The answer must be a single number: how many lines in the entries hold the string "Units".

═════ TASK INPUT

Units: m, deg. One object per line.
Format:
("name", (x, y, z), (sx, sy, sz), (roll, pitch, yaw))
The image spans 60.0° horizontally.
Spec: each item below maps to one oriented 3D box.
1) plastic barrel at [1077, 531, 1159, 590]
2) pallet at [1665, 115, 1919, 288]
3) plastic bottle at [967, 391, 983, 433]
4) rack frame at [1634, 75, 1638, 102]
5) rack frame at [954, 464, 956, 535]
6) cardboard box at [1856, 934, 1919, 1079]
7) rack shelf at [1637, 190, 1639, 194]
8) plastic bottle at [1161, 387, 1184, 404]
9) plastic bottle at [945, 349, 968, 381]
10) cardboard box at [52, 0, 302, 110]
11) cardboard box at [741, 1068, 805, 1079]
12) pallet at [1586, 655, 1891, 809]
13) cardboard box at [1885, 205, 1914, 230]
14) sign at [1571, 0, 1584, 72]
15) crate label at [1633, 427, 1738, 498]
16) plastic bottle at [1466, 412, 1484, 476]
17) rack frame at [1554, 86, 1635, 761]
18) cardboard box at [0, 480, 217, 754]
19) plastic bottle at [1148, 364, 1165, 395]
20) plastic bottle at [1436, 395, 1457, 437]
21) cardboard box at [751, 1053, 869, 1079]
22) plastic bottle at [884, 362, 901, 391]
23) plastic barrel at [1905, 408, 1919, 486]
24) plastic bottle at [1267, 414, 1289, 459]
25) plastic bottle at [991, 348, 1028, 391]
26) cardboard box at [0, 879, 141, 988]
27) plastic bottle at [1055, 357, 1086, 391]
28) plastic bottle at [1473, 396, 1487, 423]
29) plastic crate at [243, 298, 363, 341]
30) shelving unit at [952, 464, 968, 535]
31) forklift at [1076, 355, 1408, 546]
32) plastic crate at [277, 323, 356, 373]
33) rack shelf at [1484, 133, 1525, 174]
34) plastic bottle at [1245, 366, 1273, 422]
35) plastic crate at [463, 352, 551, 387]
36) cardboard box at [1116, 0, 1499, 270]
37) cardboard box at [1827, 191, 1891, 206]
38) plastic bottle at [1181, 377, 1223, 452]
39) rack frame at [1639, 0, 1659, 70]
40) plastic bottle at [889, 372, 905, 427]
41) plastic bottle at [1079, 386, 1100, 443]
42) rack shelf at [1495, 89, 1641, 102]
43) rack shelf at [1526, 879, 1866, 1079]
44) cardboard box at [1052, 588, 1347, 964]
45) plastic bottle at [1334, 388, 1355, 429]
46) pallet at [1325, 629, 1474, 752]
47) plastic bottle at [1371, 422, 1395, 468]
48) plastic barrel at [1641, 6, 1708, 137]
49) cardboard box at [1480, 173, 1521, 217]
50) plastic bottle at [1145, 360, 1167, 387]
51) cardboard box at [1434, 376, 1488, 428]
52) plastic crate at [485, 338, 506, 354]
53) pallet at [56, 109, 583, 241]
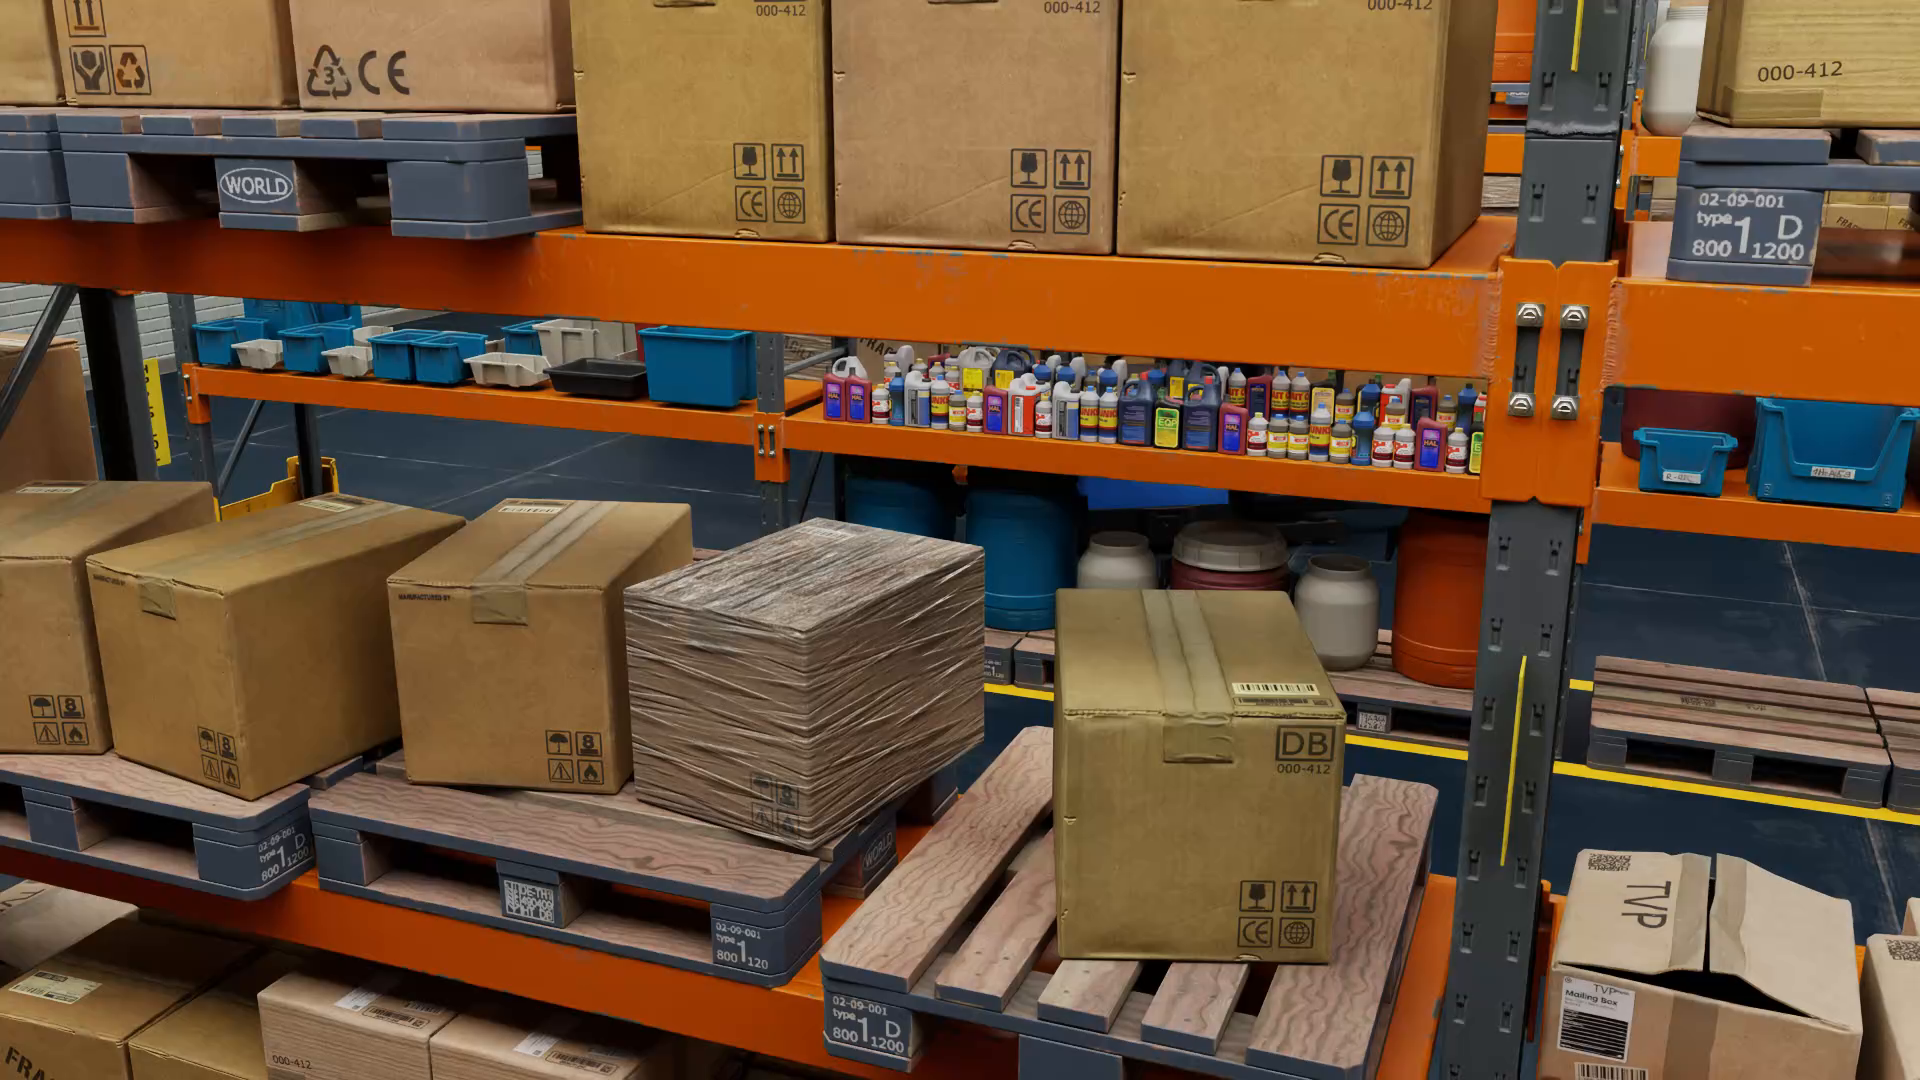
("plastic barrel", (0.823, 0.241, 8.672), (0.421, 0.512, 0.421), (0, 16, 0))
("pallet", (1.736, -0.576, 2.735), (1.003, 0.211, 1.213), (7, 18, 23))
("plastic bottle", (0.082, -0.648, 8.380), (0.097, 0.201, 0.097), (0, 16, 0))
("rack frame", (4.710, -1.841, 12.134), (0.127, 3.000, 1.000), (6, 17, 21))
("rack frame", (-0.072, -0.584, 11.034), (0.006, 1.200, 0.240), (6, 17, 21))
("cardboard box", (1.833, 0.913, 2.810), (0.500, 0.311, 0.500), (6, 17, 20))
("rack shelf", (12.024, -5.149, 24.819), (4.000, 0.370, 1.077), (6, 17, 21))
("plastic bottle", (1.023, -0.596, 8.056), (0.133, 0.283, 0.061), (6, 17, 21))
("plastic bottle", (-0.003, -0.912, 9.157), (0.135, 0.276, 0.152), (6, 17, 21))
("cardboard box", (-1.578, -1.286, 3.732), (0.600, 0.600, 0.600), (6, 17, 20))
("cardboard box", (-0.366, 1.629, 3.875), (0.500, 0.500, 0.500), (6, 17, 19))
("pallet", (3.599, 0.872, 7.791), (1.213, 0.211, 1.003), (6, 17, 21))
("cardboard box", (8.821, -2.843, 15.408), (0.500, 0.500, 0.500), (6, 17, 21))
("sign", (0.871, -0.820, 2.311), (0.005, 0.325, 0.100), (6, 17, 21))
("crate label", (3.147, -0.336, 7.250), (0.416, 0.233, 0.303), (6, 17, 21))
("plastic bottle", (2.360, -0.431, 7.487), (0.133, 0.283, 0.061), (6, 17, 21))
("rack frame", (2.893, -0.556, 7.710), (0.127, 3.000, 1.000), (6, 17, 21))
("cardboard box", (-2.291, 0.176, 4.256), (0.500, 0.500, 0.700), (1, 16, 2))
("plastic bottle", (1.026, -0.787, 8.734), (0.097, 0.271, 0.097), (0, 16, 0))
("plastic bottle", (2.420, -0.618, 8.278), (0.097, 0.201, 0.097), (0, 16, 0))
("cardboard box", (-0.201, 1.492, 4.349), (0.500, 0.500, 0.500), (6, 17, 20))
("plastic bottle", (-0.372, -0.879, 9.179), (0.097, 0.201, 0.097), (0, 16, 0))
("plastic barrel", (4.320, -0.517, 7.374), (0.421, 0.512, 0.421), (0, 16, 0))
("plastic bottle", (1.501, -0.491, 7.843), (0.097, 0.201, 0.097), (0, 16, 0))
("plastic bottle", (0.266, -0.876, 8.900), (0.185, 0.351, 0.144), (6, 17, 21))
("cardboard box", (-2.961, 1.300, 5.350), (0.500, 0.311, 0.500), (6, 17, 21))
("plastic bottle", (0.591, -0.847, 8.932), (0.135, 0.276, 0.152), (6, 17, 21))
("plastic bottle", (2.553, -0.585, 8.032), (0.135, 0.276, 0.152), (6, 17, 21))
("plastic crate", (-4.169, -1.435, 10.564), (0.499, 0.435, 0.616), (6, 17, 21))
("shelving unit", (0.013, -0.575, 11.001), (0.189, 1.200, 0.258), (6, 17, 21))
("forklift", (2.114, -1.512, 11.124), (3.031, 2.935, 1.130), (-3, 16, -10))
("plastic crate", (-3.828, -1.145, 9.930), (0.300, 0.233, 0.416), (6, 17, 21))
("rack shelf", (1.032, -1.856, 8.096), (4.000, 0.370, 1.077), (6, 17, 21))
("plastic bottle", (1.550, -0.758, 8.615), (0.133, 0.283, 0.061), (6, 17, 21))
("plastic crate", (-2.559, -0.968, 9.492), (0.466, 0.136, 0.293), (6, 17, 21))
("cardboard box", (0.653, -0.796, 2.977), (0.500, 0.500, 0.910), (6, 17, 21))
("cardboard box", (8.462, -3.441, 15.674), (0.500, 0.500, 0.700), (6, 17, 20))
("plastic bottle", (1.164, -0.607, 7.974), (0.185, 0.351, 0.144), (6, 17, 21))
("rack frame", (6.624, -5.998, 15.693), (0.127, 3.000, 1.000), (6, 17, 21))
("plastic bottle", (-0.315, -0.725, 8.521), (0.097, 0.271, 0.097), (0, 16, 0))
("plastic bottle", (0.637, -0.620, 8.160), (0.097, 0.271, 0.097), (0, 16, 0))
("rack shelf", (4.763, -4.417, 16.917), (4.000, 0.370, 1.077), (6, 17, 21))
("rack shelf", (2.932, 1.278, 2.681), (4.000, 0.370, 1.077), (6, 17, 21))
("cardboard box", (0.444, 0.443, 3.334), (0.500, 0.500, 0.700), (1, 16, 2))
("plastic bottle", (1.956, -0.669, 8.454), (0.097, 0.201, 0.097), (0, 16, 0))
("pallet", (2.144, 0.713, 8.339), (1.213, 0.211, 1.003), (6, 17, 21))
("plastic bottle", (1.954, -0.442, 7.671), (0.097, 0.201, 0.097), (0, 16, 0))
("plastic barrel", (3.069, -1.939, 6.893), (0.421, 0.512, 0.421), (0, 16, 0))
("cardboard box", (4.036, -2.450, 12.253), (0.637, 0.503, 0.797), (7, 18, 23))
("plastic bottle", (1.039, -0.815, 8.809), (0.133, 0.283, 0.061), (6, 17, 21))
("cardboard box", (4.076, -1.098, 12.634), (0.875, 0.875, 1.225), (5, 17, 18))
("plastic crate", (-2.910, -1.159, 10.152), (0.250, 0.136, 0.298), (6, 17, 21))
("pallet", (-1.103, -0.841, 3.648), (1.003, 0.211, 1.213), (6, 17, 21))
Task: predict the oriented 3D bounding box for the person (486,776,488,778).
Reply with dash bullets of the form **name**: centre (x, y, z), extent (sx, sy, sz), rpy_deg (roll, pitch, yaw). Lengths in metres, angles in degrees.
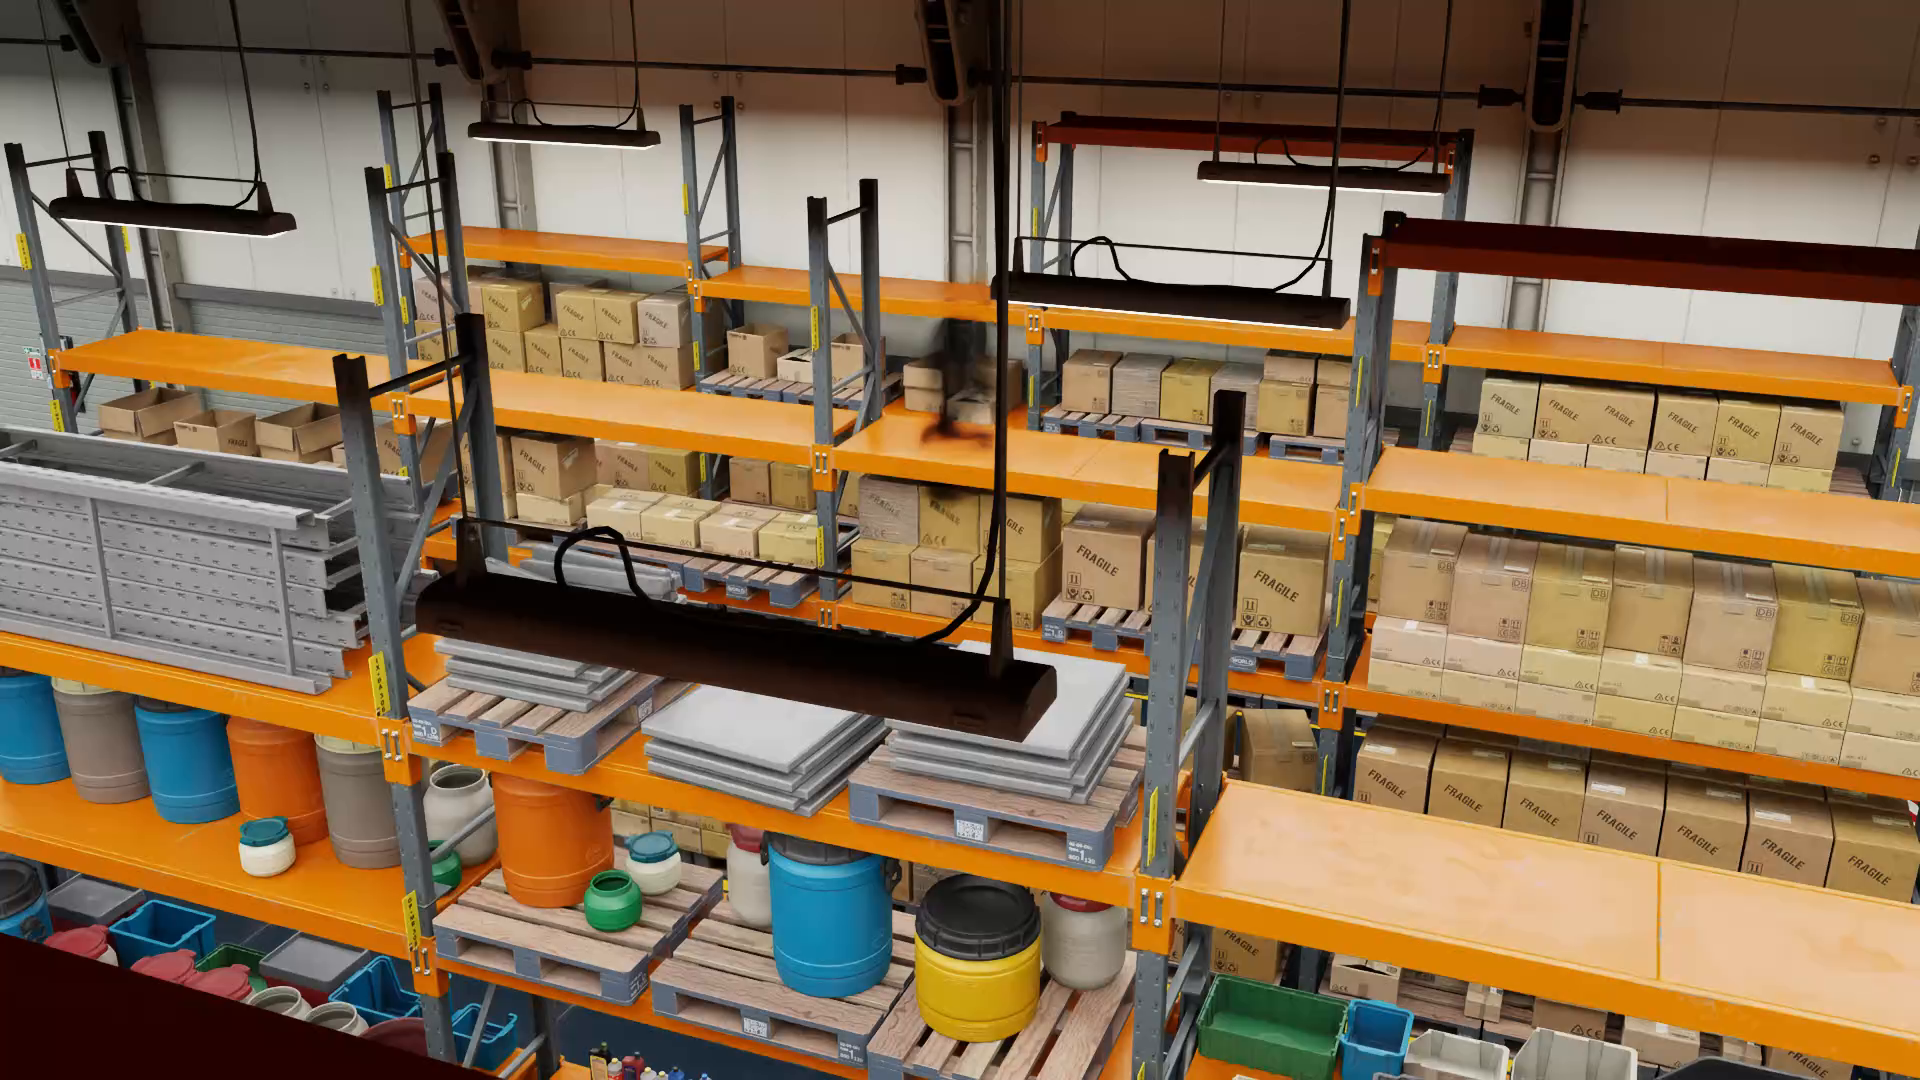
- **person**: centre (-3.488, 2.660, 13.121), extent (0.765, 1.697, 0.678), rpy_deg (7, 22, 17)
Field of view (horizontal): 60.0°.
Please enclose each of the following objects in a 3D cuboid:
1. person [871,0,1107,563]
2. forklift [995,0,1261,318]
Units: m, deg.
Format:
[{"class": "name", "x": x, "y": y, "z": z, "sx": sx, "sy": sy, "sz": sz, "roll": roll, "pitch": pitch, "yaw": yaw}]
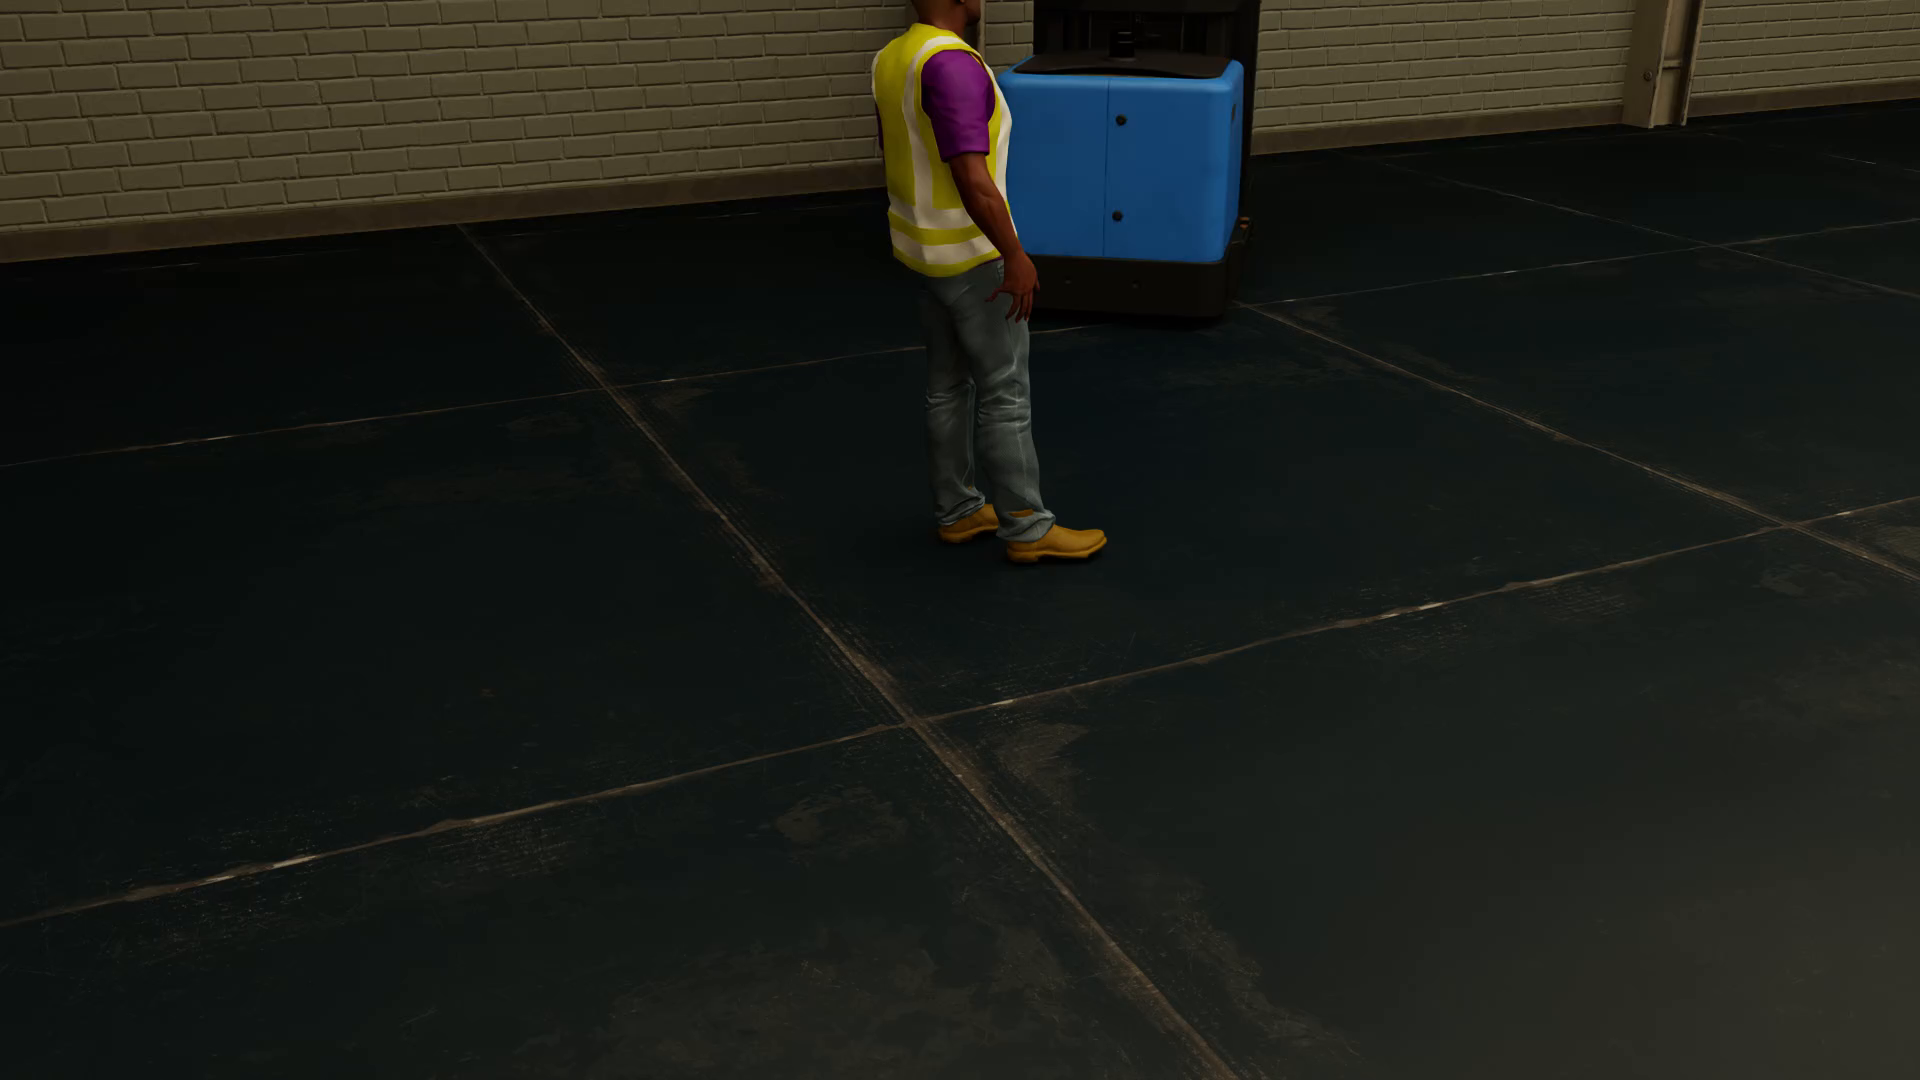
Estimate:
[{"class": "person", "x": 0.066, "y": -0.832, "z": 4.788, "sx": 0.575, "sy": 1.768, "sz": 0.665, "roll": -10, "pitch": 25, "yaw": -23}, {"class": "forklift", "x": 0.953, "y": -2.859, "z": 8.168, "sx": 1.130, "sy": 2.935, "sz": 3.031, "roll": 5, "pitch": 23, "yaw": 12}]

══════════

--- SOLUTION TO THIS EXERCISE ---
2